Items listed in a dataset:
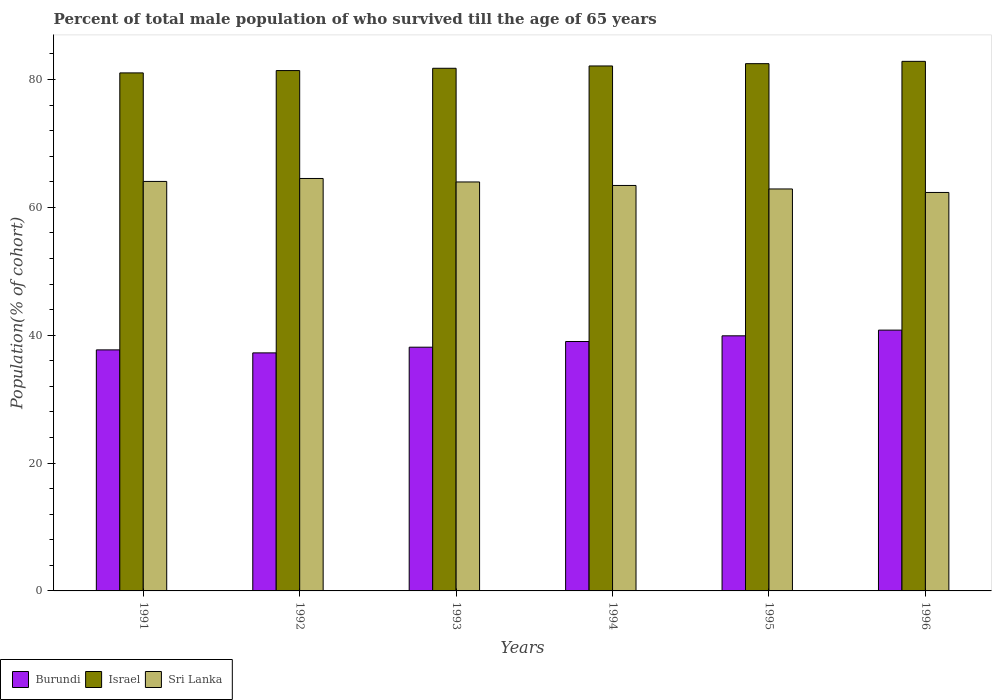How many different coloured bars are there?
Provide a succinct answer. 3. How many groups of bars are there?
Offer a terse response. 6. Are the number of bars per tick equal to the number of legend labels?
Offer a terse response. Yes. How many bars are there on the 4th tick from the left?
Your answer should be very brief. 3. How many bars are there on the 1st tick from the right?
Provide a succinct answer. 3. What is the label of the 1st group of bars from the left?
Keep it short and to the point. 1991. What is the percentage of total male population who survived till the age of 65 years in Israel in 1993?
Give a very brief answer. 81.76. Across all years, what is the maximum percentage of total male population who survived till the age of 65 years in Sri Lanka?
Provide a succinct answer. 64.52. Across all years, what is the minimum percentage of total male population who survived till the age of 65 years in Burundi?
Make the answer very short. 37.24. In which year was the percentage of total male population who survived till the age of 65 years in Israel maximum?
Your answer should be very brief. 1996. What is the total percentage of total male population who survived till the age of 65 years in Sri Lanka in the graph?
Make the answer very short. 381.21. What is the difference between the percentage of total male population who survived till the age of 65 years in Israel in 1993 and that in 1994?
Offer a terse response. -0.36. What is the difference between the percentage of total male population who survived till the age of 65 years in Israel in 1993 and the percentage of total male population who survived till the age of 65 years in Burundi in 1991?
Give a very brief answer. 44.06. What is the average percentage of total male population who survived till the age of 65 years in Israel per year?
Ensure brevity in your answer.  81.94. In the year 1995, what is the difference between the percentage of total male population who survived till the age of 65 years in Israel and percentage of total male population who survived till the age of 65 years in Burundi?
Give a very brief answer. 42.58. What is the ratio of the percentage of total male population who survived till the age of 65 years in Israel in 1995 to that in 1996?
Keep it short and to the point. 1. Is the percentage of total male population who survived till the age of 65 years in Sri Lanka in 1992 less than that in 1994?
Make the answer very short. No. Is the difference between the percentage of total male population who survived till the age of 65 years in Israel in 1991 and 1996 greater than the difference between the percentage of total male population who survived till the age of 65 years in Burundi in 1991 and 1996?
Make the answer very short. Yes. What is the difference between the highest and the second highest percentage of total male population who survived till the age of 65 years in Burundi?
Offer a very short reply. 0.89. What is the difference between the highest and the lowest percentage of total male population who survived till the age of 65 years in Burundi?
Offer a terse response. 3.56. In how many years, is the percentage of total male population who survived till the age of 65 years in Israel greater than the average percentage of total male population who survived till the age of 65 years in Israel taken over all years?
Keep it short and to the point. 3. Is the sum of the percentage of total male population who survived till the age of 65 years in Burundi in 1991 and 1995 greater than the maximum percentage of total male population who survived till the age of 65 years in Sri Lanka across all years?
Your response must be concise. Yes. What does the 1st bar from the left in 1996 represents?
Provide a succinct answer. Burundi. What does the 3rd bar from the right in 1994 represents?
Your answer should be compact. Burundi. Is it the case that in every year, the sum of the percentage of total male population who survived till the age of 65 years in Burundi and percentage of total male population who survived till the age of 65 years in Sri Lanka is greater than the percentage of total male population who survived till the age of 65 years in Israel?
Your response must be concise. Yes. What is the title of the graph?
Keep it short and to the point. Percent of total male population of who survived till the age of 65 years. What is the label or title of the Y-axis?
Your answer should be very brief. Population(% of cohort). What is the Population(% of cohort) of Burundi in 1991?
Keep it short and to the point. 37.71. What is the Population(% of cohort) in Israel in 1991?
Make the answer very short. 81.04. What is the Population(% of cohort) in Sri Lanka in 1991?
Offer a terse response. 64.06. What is the Population(% of cohort) in Burundi in 1992?
Offer a very short reply. 37.24. What is the Population(% of cohort) in Israel in 1992?
Your response must be concise. 81.4. What is the Population(% of cohort) in Sri Lanka in 1992?
Your answer should be compact. 64.52. What is the Population(% of cohort) of Burundi in 1993?
Offer a very short reply. 38.13. What is the Population(% of cohort) of Israel in 1993?
Ensure brevity in your answer.  81.76. What is the Population(% of cohort) in Sri Lanka in 1993?
Ensure brevity in your answer.  63.98. What is the Population(% of cohort) in Burundi in 1994?
Provide a short and direct response. 39.02. What is the Population(% of cohort) in Israel in 1994?
Provide a short and direct response. 82.12. What is the Population(% of cohort) of Sri Lanka in 1994?
Make the answer very short. 63.43. What is the Population(% of cohort) in Burundi in 1995?
Your answer should be compact. 39.91. What is the Population(% of cohort) in Israel in 1995?
Your answer should be very brief. 82.49. What is the Population(% of cohort) in Sri Lanka in 1995?
Provide a short and direct response. 62.88. What is the Population(% of cohort) of Burundi in 1996?
Provide a succinct answer. 40.8. What is the Population(% of cohort) in Israel in 1996?
Offer a terse response. 82.85. What is the Population(% of cohort) in Sri Lanka in 1996?
Your answer should be compact. 62.34. Across all years, what is the maximum Population(% of cohort) of Burundi?
Offer a very short reply. 40.8. Across all years, what is the maximum Population(% of cohort) in Israel?
Your answer should be compact. 82.85. Across all years, what is the maximum Population(% of cohort) of Sri Lanka?
Your response must be concise. 64.52. Across all years, what is the minimum Population(% of cohort) in Burundi?
Your answer should be very brief. 37.24. Across all years, what is the minimum Population(% of cohort) of Israel?
Provide a succinct answer. 81.04. Across all years, what is the minimum Population(% of cohort) of Sri Lanka?
Offer a very short reply. 62.34. What is the total Population(% of cohort) of Burundi in the graph?
Make the answer very short. 232.8. What is the total Population(% of cohort) in Israel in the graph?
Give a very brief answer. 491.66. What is the total Population(% of cohort) of Sri Lanka in the graph?
Your response must be concise. 381.21. What is the difference between the Population(% of cohort) in Burundi in 1991 and that in 1992?
Provide a short and direct response. 0.47. What is the difference between the Population(% of cohort) of Israel in 1991 and that in 1992?
Make the answer very short. -0.36. What is the difference between the Population(% of cohort) in Sri Lanka in 1991 and that in 1992?
Make the answer very short. -0.46. What is the difference between the Population(% of cohort) of Burundi in 1991 and that in 1993?
Offer a terse response. -0.42. What is the difference between the Population(% of cohort) in Israel in 1991 and that in 1993?
Your answer should be compact. -0.72. What is the difference between the Population(% of cohort) of Sri Lanka in 1991 and that in 1993?
Offer a very short reply. 0.08. What is the difference between the Population(% of cohort) of Burundi in 1991 and that in 1994?
Provide a short and direct response. -1.31. What is the difference between the Population(% of cohort) in Israel in 1991 and that in 1994?
Make the answer very short. -1.09. What is the difference between the Population(% of cohort) of Sri Lanka in 1991 and that in 1994?
Provide a short and direct response. 0.63. What is the difference between the Population(% of cohort) of Burundi in 1991 and that in 1995?
Your answer should be very brief. -2.2. What is the difference between the Population(% of cohort) in Israel in 1991 and that in 1995?
Your response must be concise. -1.45. What is the difference between the Population(% of cohort) in Sri Lanka in 1991 and that in 1995?
Provide a succinct answer. 1.18. What is the difference between the Population(% of cohort) in Burundi in 1991 and that in 1996?
Provide a short and direct response. -3.09. What is the difference between the Population(% of cohort) in Israel in 1991 and that in 1996?
Your answer should be very brief. -1.81. What is the difference between the Population(% of cohort) of Sri Lanka in 1991 and that in 1996?
Make the answer very short. 1.73. What is the difference between the Population(% of cohort) in Burundi in 1992 and that in 1993?
Your answer should be compact. -0.89. What is the difference between the Population(% of cohort) of Israel in 1992 and that in 1993?
Provide a short and direct response. -0.36. What is the difference between the Population(% of cohort) of Sri Lanka in 1992 and that in 1993?
Offer a terse response. 0.55. What is the difference between the Population(% of cohort) in Burundi in 1992 and that in 1994?
Keep it short and to the point. -1.78. What is the difference between the Population(% of cohort) in Israel in 1992 and that in 1994?
Your answer should be compact. -0.72. What is the difference between the Population(% of cohort) in Sri Lanka in 1992 and that in 1994?
Offer a very short reply. 1.09. What is the difference between the Population(% of cohort) of Burundi in 1992 and that in 1995?
Ensure brevity in your answer.  -2.67. What is the difference between the Population(% of cohort) in Israel in 1992 and that in 1995?
Offer a terse response. -1.08. What is the difference between the Population(% of cohort) in Sri Lanka in 1992 and that in 1995?
Give a very brief answer. 1.64. What is the difference between the Population(% of cohort) in Burundi in 1992 and that in 1996?
Offer a terse response. -3.56. What is the difference between the Population(% of cohort) of Israel in 1992 and that in 1996?
Make the answer very short. -1.44. What is the difference between the Population(% of cohort) in Sri Lanka in 1992 and that in 1996?
Provide a short and direct response. 2.19. What is the difference between the Population(% of cohort) in Burundi in 1993 and that in 1994?
Give a very brief answer. -0.89. What is the difference between the Population(% of cohort) of Israel in 1993 and that in 1994?
Your answer should be very brief. -0.36. What is the difference between the Population(% of cohort) in Sri Lanka in 1993 and that in 1994?
Provide a succinct answer. 0.55. What is the difference between the Population(% of cohort) in Burundi in 1993 and that in 1995?
Your answer should be compact. -1.78. What is the difference between the Population(% of cohort) of Israel in 1993 and that in 1995?
Keep it short and to the point. -0.72. What is the difference between the Population(% of cohort) of Sri Lanka in 1993 and that in 1995?
Provide a succinct answer. 1.09. What is the difference between the Population(% of cohort) of Burundi in 1993 and that in 1996?
Ensure brevity in your answer.  -2.67. What is the difference between the Population(% of cohort) of Israel in 1993 and that in 1996?
Offer a very short reply. -1.08. What is the difference between the Population(% of cohort) in Sri Lanka in 1993 and that in 1996?
Ensure brevity in your answer.  1.64. What is the difference between the Population(% of cohort) in Burundi in 1994 and that in 1995?
Make the answer very short. -0.89. What is the difference between the Population(% of cohort) of Israel in 1994 and that in 1995?
Your answer should be compact. -0.36. What is the difference between the Population(% of cohort) in Sri Lanka in 1994 and that in 1995?
Provide a short and direct response. 0.55. What is the difference between the Population(% of cohort) in Burundi in 1994 and that in 1996?
Offer a terse response. -1.78. What is the difference between the Population(% of cohort) in Israel in 1994 and that in 1996?
Make the answer very short. -0.72. What is the difference between the Population(% of cohort) of Sri Lanka in 1994 and that in 1996?
Make the answer very short. 1.09. What is the difference between the Population(% of cohort) in Burundi in 1995 and that in 1996?
Offer a terse response. -0.89. What is the difference between the Population(% of cohort) of Israel in 1995 and that in 1996?
Give a very brief answer. -0.36. What is the difference between the Population(% of cohort) of Sri Lanka in 1995 and that in 1996?
Keep it short and to the point. 0.55. What is the difference between the Population(% of cohort) of Burundi in 1991 and the Population(% of cohort) of Israel in 1992?
Provide a short and direct response. -43.69. What is the difference between the Population(% of cohort) of Burundi in 1991 and the Population(% of cohort) of Sri Lanka in 1992?
Your answer should be very brief. -26.82. What is the difference between the Population(% of cohort) in Israel in 1991 and the Population(% of cohort) in Sri Lanka in 1992?
Your answer should be compact. 16.52. What is the difference between the Population(% of cohort) in Burundi in 1991 and the Population(% of cohort) in Israel in 1993?
Offer a very short reply. -44.06. What is the difference between the Population(% of cohort) of Burundi in 1991 and the Population(% of cohort) of Sri Lanka in 1993?
Make the answer very short. -26.27. What is the difference between the Population(% of cohort) in Israel in 1991 and the Population(% of cohort) in Sri Lanka in 1993?
Ensure brevity in your answer.  17.06. What is the difference between the Population(% of cohort) in Burundi in 1991 and the Population(% of cohort) in Israel in 1994?
Make the answer very short. -44.42. What is the difference between the Population(% of cohort) in Burundi in 1991 and the Population(% of cohort) in Sri Lanka in 1994?
Keep it short and to the point. -25.72. What is the difference between the Population(% of cohort) of Israel in 1991 and the Population(% of cohort) of Sri Lanka in 1994?
Give a very brief answer. 17.61. What is the difference between the Population(% of cohort) in Burundi in 1991 and the Population(% of cohort) in Israel in 1995?
Offer a terse response. -44.78. What is the difference between the Population(% of cohort) of Burundi in 1991 and the Population(% of cohort) of Sri Lanka in 1995?
Give a very brief answer. -25.17. What is the difference between the Population(% of cohort) of Israel in 1991 and the Population(% of cohort) of Sri Lanka in 1995?
Provide a short and direct response. 18.16. What is the difference between the Population(% of cohort) of Burundi in 1991 and the Population(% of cohort) of Israel in 1996?
Ensure brevity in your answer.  -45.14. What is the difference between the Population(% of cohort) of Burundi in 1991 and the Population(% of cohort) of Sri Lanka in 1996?
Your response must be concise. -24.63. What is the difference between the Population(% of cohort) in Israel in 1991 and the Population(% of cohort) in Sri Lanka in 1996?
Give a very brief answer. 18.7. What is the difference between the Population(% of cohort) in Burundi in 1992 and the Population(% of cohort) in Israel in 1993?
Your answer should be very brief. -44.53. What is the difference between the Population(% of cohort) in Burundi in 1992 and the Population(% of cohort) in Sri Lanka in 1993?
Offer a very short reply. -26.74. What is the difference between the Population(% of cohort) in Israel in 1992 and the Population(% of cohort) in Sri Lanka in 1993?
Keep it short and to the point. 17.43. What is the difference between the Population(% of cohort) in Burundi in 1992 and the Population(% of cohort) in Israel in 1994?
Ensure brevity in your answer.  -44.89. What is the difference between the Population(% of cohort) in Burundi in 1992 and the Population(% of cohort) in Sri Lanka in 1994?
Offer a very short reply. -26.19. What is the difference between the Population(% of cohort) in Israel in 1992 and the Population(% of cohort) in Sri Lanka in 1994?
Provide a short and direct response. 17.97. What is the difference between the Population(% of cohort) of Burundi in 1992 and the Population(% of cohort) of Israel in 1995?
Provide a short and direct response. -45.25. What is the difference between the Population(% of cohort) of Burundi in 1992 and the Population(% of cohort) of Sri Lanka in 1995?
Provide a succinct answer. -25.64. What is the difference between the Population(% of cohort) of Israel in 1992 and the Population(% of cohort) of Sri Lanka in 1995?
Your response must be concise. 18.52. What is the difference between the Population(% of cohort) in Burundi in 1992 and the Population(% of cohort) in Israel in 1996?
Keep it short and to the point. -45.61. What is the difference between the Population(% of cohort) of Burundi in 1992 and the Population(% of cohort) of Sri Lanka in 1996?
Make the answer very short. -25.1. What is the difference between the Population(% of cohort) of Israel in 1992 and the Population(% of cohort) of Sri Lanka in 1996?
Ensure brevity in your answer.  19.07. What is the difference between the Population(% of cohort) in Burundi in 1993 and the Population(% of cohort) in Israel in 1994?
Keep it short and to the point. -44. What is the difference between the Population(% of cohort) in Burundi in 1993 and the Population(% of cohort) in Sri Lanka in 1994?
Provide a succinct answer. -25.3. What is the difference between the Population(% of cohort) in Israel in 1993 and the Population(% of cohort) in Sri Lanka in 1994?
Provide a succinct answer. 18.33. What is the difference between the Population(% of cohort) of Burundi in 1993 and the Population(% of cohort) of Israel in 1995?
Keep it short and to the point. -44.36. What is the difference between the Population(% of cohort) of Burundi in 1993 and the Population(% of cohort) of Sri Lanka in 1995?
Your answer should be very brief. -24.75. What is the difference between the Population(% of cohort) of Israel in 1993 and the Population(% of cohort) of Sri Lanka in 1995?
Make the answer very short. 18.88. What is the difference between the Population(% of cohort) of Burundi in 1993 and the Population(% of cohort) of Israel in 1996?
Keep it short and to the point. -44.72. What is the difference between the Population(% of cohort) in Burundi in 1993 and the Population(% of cohort) in Sri Lanka in 1996?
Make the answer very short. -24.21. What is the difference between the Population(% of cohort) in Israel in 1993 and the Population(% of cohort) in Sri Lanka in 1996?
Give a very brief answer. 19.43. What is the difference between the Population(% of cohort) of Burundi in 1994 and the Population(% of cohort) of Israel in 1995?
Keep it short and to the point. -43.47. What is the difference between the Population(% of cohort) of Burundi in 1994 and the Population(% of cohort) of Sri Lanka in 1995?
Provide a succinct answer. -23.86. What is the difference between the Population(% of cohort) of Israel in 1994 and the Population(% of cohort) of Sri Lanka in 1995?
Ensure brevity in your answer.  19.24. What is the difference between the Population(% of cohort) in Burundi in 1994 and the Population(% of cohort) in Israel in 1996?
Give a very brief answer. -43.83. What is the difference between the Population(% of cohort) in Burundi in 1994 and the Population(% of cohort) in Sri Lanka in 1996?
Provide a succinct answer. -23.32. What is the difference between the Population(% of cohort) in Israel in 1994 and the Population(% of cohort) in Sri Lanka in 1996?
Offer a terse response. 19.79. What is the difference between the Population(% of cohort) in Burundi in 1995 and the Population(% of cohort) in Israel in 1996?
Make the answer very short. -42.94. What is the difference between the Population(% of cohort) of Burundi in 1995 and the Population(% of cohort) of Sri Lanka in 1996?
Provide a short and direct response. -22.43. What is the difference between the Population(% of cohort) of Israel in 1995 and the Population(% of cohort) of Sri Lanka in 1996?
Provide a succinct answer. 20.15. What is the average Population(% of cohort) in Burundi per year?
Provide a succinct answer. 38.8. What is the average Population(% of cohort) in Israel per year?
Provide a short and direct response. 81.94. What is the average Population(% of cohort) in Sri Lanka per year?
Offer a terse response. 63.54. In the year 1991, what is the difference between the Population(% of cohort) of Burundi and Population(% of cohort) of Israel?
Keep it short and to the point. -43.33. In the year 1991, what is the difference between the Population(% of cohort) in Burundi and Population(% of cohort) in Sri Lanka?
Provide a succinct answer. -26.35. In the year 1991, what is the difference between the Population(% of cohort) in Israel and Population(% of cohort) in Sri Lanka?
Ensure brevity in your answer.  16.98. In the year 1992, what is the difference between the Population(% of cohort) of Burundi and Population(% of cohort) of Israel?
Offer a very short reply. -44.17. In the year 1992, what is the difference between the Population(% of cohort) in Burundi and Population(% of cohort) in Sri Lanka?
Provide a succinct answer. -27.29. In the year 1992, what is the difference between the Population(% of cohort) of Israel and Population(% of cohort) of Sri Lanka?
Provide a short and direct response. 16.88. In the year 1993, what is the difference between the Population(% of cohort) of Burundi and Population(% of cohort) of Israel?
Your answer should be very brief. -43.64. In the year 1993, what is the difference between the Population(% of cohort) of Burundi and Population(% of cohort) of Sri Lanka?
Keep it short and to the point. -25.85. In the year 1993, what is the difference between the Population(% of cohort) of Israel and Population(% of cohort) of Sri Lanka?
Ensure brevity in your answer.  17.79. In the year 1994, what is the difference between the Population(% of cohort) of Burundi and Population(% of cohort) of Israel?
Ensure brevity in your answer.  -43.11. In the year 1994, what is the difference between the Population(% of cohort) in Burundi and Population(% of cohort) in Sri Lanka?
Your response must be concise. -24.41. In the year 1994, what is the difference between the Population(% of cohort) in Israel and Population(% of cohort) in Sri Lanka?
Keep it short and to the point. 18.69. In the year 1995, what is the difference between the Population(% of cohort) of Burundi and Population(% of cohort) of Israel?
Offer a terse response. -42.58. In the year 1995, what is the difference between the Population(% of cohort) in Burundi and Population(% of cohort) in Sri Lanka?
Provide a short and direct response. -22.97. In the year 1995, what is the difference between the Population(% of cohort) in Israel and Population(% of cohort) in Sri Lanka?
Ensure brevity in your answer.  19.6. In the year 1996, what is the difference between the Population(% of cohort) in Burundi and Population(% of cohort) in Israel?
Provide a short and direct response. -42.05. In the year 1996, what is the difference between the Population(% of cohort) of Burundi and Population(% of cohort) of Sri Lanka?
Give a very brief answer. -21.54. In the year 1996, what is the difference between the Population(% of cohort) of Israel and Population(% of cohort) of Sri Lanka?
Your response must be concise. 20.51. What is the ratio of the Population(% of cohort) in Burundi in 1991 to that in 1992?
Your answer should be very brief. 1.01. What is the ratio of the Population(% of cohort) in Israel in 1991 to that in 1992?
Give a very brief answer. 1. What is the ratio of the Population(% of cohort) in Burundi in 1991 to that in 1993?
Offer a terse response. 0.99. What is the ratio of the Population(% of cohort) of Israel in 1991 to that in 1993?
Make the answer very short. 0.99. What is the ratio of the Population(% of cohort) in Burundi in 1991 to that in 1994?
Offer a very short reply. 0.97. What is the ratio of the Population(% of cohort) in Burundi in 1991 to that in 1995?
Your answer should be compact. 0.94. What is the ratio of the Population(% of cohort) in Israel in 1991 to that in 1995?
Keep it short and to the point. 0.98. What is the ratio of the Population(% of cohort) in Sri Lanka in 1991 to that in 1995?
Your response must be concise. 1.02. What is the ratio of the Population(% of cohort) of Burundi in 1991 to that in 1996?
Provide a short and direct response. 0.92. What is the ratio of the Population(% of cohort) of Israel in 1991 to that in 1996?
Give a very brief answer. 0.98. What is the ratio of the Population(% of cohort) of Sri Lanka in 1991 to that in 1996?
Your answer should be compact. 1.03. What is the ratio of the Population(% of cohort) in Burundi in 1992 to that in 1993?
Make the answer very short. 0.98. What is the ratio of the Population(% of cohort) in Sri Lanka in 1992 to that in 1993?
Offer a very short reply. 1.01. What is the ratio of the Population(% of cohort) of Burundi in 1992 to that in 1994?
Make the answer very short. 0.95. What is the ratio of the Population(% of cohort) in Israel in 1992 to that in 1994?
Your response must be concise. 0.99. What is the ratio of the Population(% of cohort) of Sri Lanka in 1992 to that in 1994?
Your answer should be very brief. 1.02. What is the ratio of the Population(% of cohort) of Burundi in 1992 to that in 1995?
Your answer should be compact. 0.93. What is the ratio of the Population(% of cohort) of Israel in 1992 to that in 1995?
Provide a short and direct response. 0.99. What is the ratio of the Population(% of cohort) of Sri Lanka in 1992 to that in 1995?
Ensure brevity in your answer.  1.03. What is the ratio of the Population(% of cohort) in Burundi in 1992 to that in 1996?
Your response must be concise. 0.91. What is the ratio of the Population(% of cohort) in Israel in 1992 to that in 1996?
Offer a very short reply. 0.98. What is the ratio of the Population(% of cohort) of Sri Lanka in 1992 to that in 1996?
Keep it short and to the point. 1.04. What is the ratio of the Population(% of cohort) of Burundi in 1993 to that in 1994?
Your answer should be very brief. 0.98. What is the ratio of the Population(% of cohort) of Israel in 1993 to that in 1994?
Provide a succinct answer. 1. What is the ratio of the Population(% of cohort) in Sri Lanka in 1993 to that in 1994?
Ensure brevity in your answer.  1.01. What is the ratio of the Population(% of cohort) in Burundi in 1993 to that in 1995?
Keep it short and to the point. 0.96. What is the ratio of the Population(% of cohort) in Israel in 1993 to that in 1995?
Ensure brevity in your answer.  0.99. What is the ratio of the Population(% of cohort) of Sri Lanka in 1993 to that in 1995?
Give a very brief answer. 1.02. What is the ratio of the Population(% of cohort) in Burundi in 1993 to that in 1996?
Offer a very short reply. 0.93. What is the ratio of the Population(% of cohort) of Israel in 1993 to that in 1996?
Give a very brief answer. 0.99. What is the ratio of the Population(% of cohort) of Sri Lanka in 1993 to that in 1996?
Ensure brevity in your answer.  1.03. What is the ratio of the Population(% of cohort) of Burundi in 1994 to that in 1995?
Make the answer very short. 0.98. What is the ratio of the Population(% of cohort) of Sri Lanka in 1994 to that in 1995?
Provide a short and direct response. 1.01. What is the ratio of the Population(% of cohort) in Burundi in 1994 to that in 1996?
Offer a terse response. 0.96. What is the ratio of the Population(% of cohort) of Israel in 1994 to that in 1996?
Your response must be concise. 0.99. What is the ratio of the Population(% of cohort) of Sri Lanka in 1994 to that in 1996?
Ensure brevity in your answer.  1.02. What is the ratio of the Population(% of cohort) in Burundi in 1995 to that in 1996?
Your answer should be compact. 0.98. What is the ratio of the Population(% of cohort) of Israel in 1995 to that in 1996?
Offer a terse response. 1. What is the ratio of the Population(% of cohort) in Sri Lanka in 1995 to that in 1996?
Make the answer very short. 1.01. What is the difference between the highest and the second highest Population(% of cohort) of Burundi?
Your answer should be compact. 0.89. What is the difference between the highest and the second highest Population(% of cohort) in Israel?
Ensure brevity in your answer.  0.36. What is the difference between the highest and the second highest Population(% of cohort) of Sri Lanka?
Provide a succinct answer. 0.46. What is the difference between the highest and the lowest Population(% of cohort) of Burundi?
Provide a short and direct response. 3.56. What is the difference between the highest and the lowest Population(% of cohort) of Israel?
Keep it short and to the point. 1.81. What is the difference between the highest and the lowest Population(% of cohort) of Sri Lanka?
Provide a succinct answer. 2.19.

Task requirements = What do the lines above say from the one containing "Provide a short and direct response. 2.19." down to the one containing "Give a very brief answer. -0.89."? Return them exactly, both end lines included, and only them.

Response =
Provide a short and direct response. 2.19. What is the difference between the Population(% of cohort) in Burundi in 1993 and that in 1994?
Give a very brief answer. -0.89. What is the difference between the Population(% of cohort) of Israel in 1993 and that in 1994?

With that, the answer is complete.